When migrating your code from another database to SQL Data Warehouse, you will most likely need to make changes to your code base. Some SQL Data Warehouse features can significantly improve performance as they are designed to work in a distributed fashion. However, to maintain performance and scale, some features are also not available.
Common T-SQL Limitations
The following list summarizes the most common feature which are not supported in Azure SQL Data Warehouse. The links take you to workarounds for the unsupported feature:
- ANSI joins on updates
- ANSI joins on deletes
- merge statement
- cross-database joins
- output clause
- inline user-defined functions
- multi-statement functions
- common table expressions
- [recursive common table expressions (CTE)](#Recursive-common-table-expressions-(CTE)
- CLR functions and procedures
- $partition function
- table variables
- table value parameters
- distributed transactions
- commit / rollback work
- save transaction
- execution contexts (EXECUTE AS)
- group by clause with rollup / cube / grouping sets options
- nesting levels beyond 8
- updating through views
- use of select for variable assignment
- no MAX data type for dynamic SQL strings
Fortunately most of these limitations can be worked around. Explanations are provided in the relevant development articles referenced above.
Supported CTE features
Common table expressions (CTEs) are partially supported in SQL Data Warehouse. The following CTE features are currently supported:
- A CTE can be specified in a SELECT statement.
- A CTE can be specified in a CREATE VIEW statement.
- A CTE can be specified in a CREATE TABLE AS SELECT (CTAS) statement.
- A CTE can be specified in a CREATE REMOTE TABLE AS SELECT (CRTAS) statement.
- A CTE can be specified in a CREATE EXTERNAL TABLE AS SELECT (CETAS) statement.
- A remote table can be referenced from a CTE.
- An external table can be referenced from a CTE.
- Multiple CTE query definitions can be defined in a CTE.
Common table expressions have some limitations in SQL Data Warehouse including:
- A CTE must be followed by a single SELECT statement. INSERT, UPDATE, DELETE, and MERGE statements are not supported.
- A common table expression that includes references to itself (a recursive common table expression) is not supported (see below section).
- Specifying more than one WITH clause in a CTE is not allowed. For example, if a CTE_query_definition contains a subquery, that subquery cannot contain a nested WITH clause that defines another CTE.
- An ORDER BY clause cannot be used in the CTE_query_definition, except when a TOP clause is specified.
- When a CTE is used in a statement that is part of a batch, the statement before it must be followed by a semicolon.

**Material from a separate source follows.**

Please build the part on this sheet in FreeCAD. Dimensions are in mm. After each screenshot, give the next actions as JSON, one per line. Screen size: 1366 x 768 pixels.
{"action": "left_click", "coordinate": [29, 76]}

- When used in statements prepared by sp_prepare, CTEs will behave the same way as other SELECT statements in PDW. However, if CTEs are used as part of CETAS prepared by sp_prepare, the behavior can defer from SQL Server and other PDW statements because of the way binding is implemented for sp_prepare. If SELECT that references CTE is using a wrong column that does not exist in CTE, the sp_prepare will pass without detecting the error, but the error will be thrown during sp_execute instead.
Recursive CTEs are not supported in SQL Data Warehouse. The migraion of recursive CTE can be somewhat complete and the best process is to break down the into multiple steps. You can typically use a loop and populate a temporary table as you iterate over the recursive interim queries. Once the temporary table is populated you can then return the data as a single result set. A similar approach has been used to solve
GROUP BY WITH CUBE in the group by clause with rollup / cube / grouping sets options article.

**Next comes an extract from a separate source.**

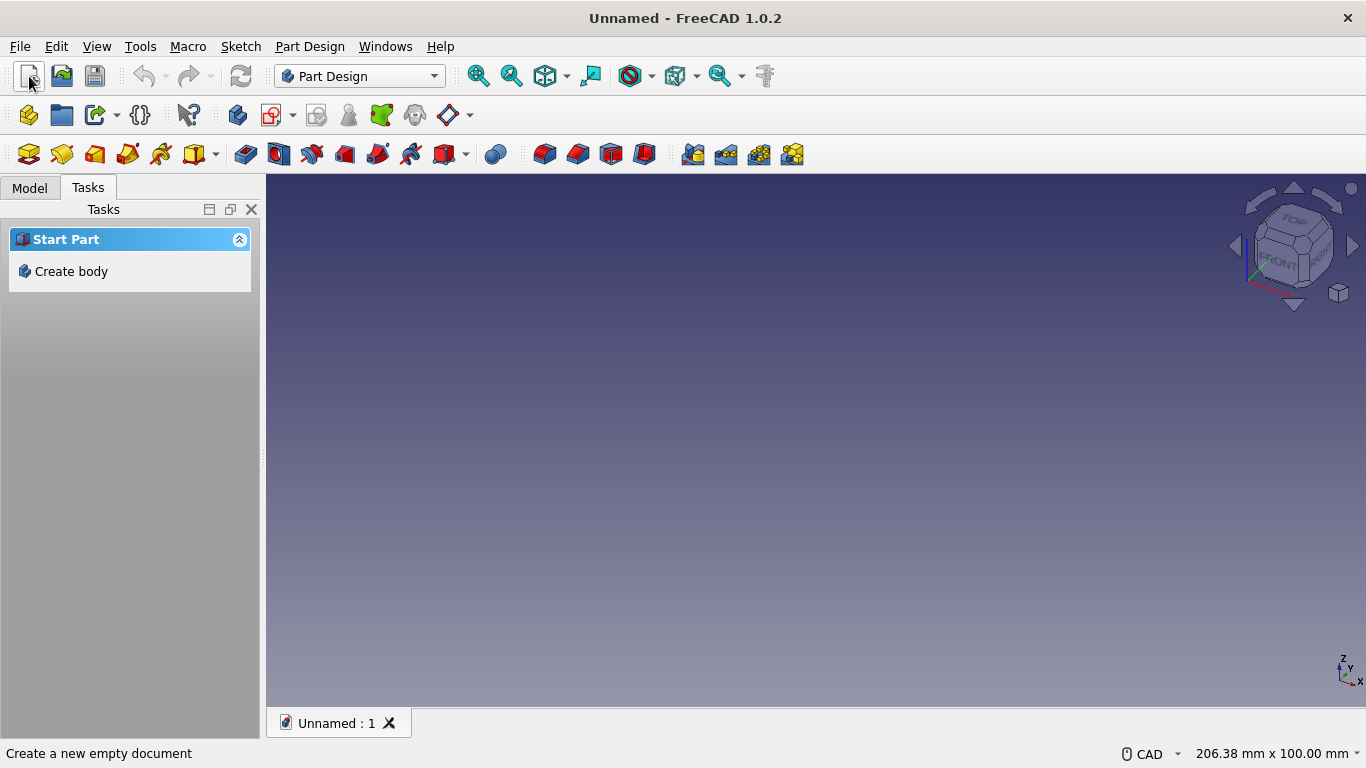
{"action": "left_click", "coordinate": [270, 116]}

Unsupported system functions
There are also some system functions that are not supported. Some of the main ones you might typically find used in data warehousing are:
Some of these issues can be worked around.
To work around lack of support for @@ROWCOUNT, create a stored procedure that will retrieve the last row count from sys.dm_pdw_request_steps and then execute
EXEC LastRowCount after a DML statement.
CREATE PROCEDURE LastRowCount AS WITH LastRequest as ( SELECT TOP 1 request_id FROM sys.dm_pdw_exec_requests WHERE session_id = SESSION_ID() AND resource_class IS NOT NULL ORDER BY end_time DESC ), LastRequestRowCounts as ( SELECT step_index, row_count FROM sys.dm_pdw_request_steps WHERE row_count >= 0 AND request_id IN (SELECT request_id from LastRequest) ) SELECT TOP 1 row_count FROM LastRequestRowCounts ORDER BY step_index DESC ;
For a complete list of all supported T-SQL statements, see Transact-SQL topics.